Published on July 31, 2021
Updated on January 3, 2022
Edited by Vanessa Tay
The opening chapter of Kleppman’s Designing Data-Intensive Applications book: Reliable, Scalable, and Maintainable Applications, addresses key concerns you should consider when designing distributed and data-intensive systems, in an insightful way. I believe anyone working on a distributed system will benefit from reading it. However, as not all of us may have the time (or will) to pour over the book, I’ve decided to share a quick summary of the key points Kleppman raises, as well as to offer some of my personal inputs with references to other literature and experts.
Reliability, Scalability, and Maintainability
Reliability, Scalability, and Maintainability, the three characteristics that Kleppman opens with, are terms you might come across often. If you're not familiar with them, you may wonder: what are they and why are they important?

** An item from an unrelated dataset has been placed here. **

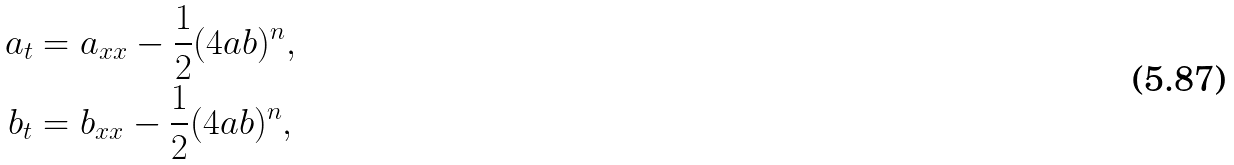<formula> <loc_0><loc_0><loc_500><loc_500>a _ { t } & = a _ { x x } - \frac { 1 } { 2 } ( 4 a b ) ^ { n } , \\ b _ { t } & = b _ { x x } - \frac { 1 } { 2 } ( 4 a b ) ^ { n } ,</formula>

When building an application, we want it to work correctly, even when things go wrong.
"Anything that can go wrong will go wrong." - Murphy's law
The adage above can be applied to just about anything in life and applications are no exception. If we want our applications to be resilient during adverse conditions, we will have to design them with the expectation that things will go wrong. We can't blindly hope they won't.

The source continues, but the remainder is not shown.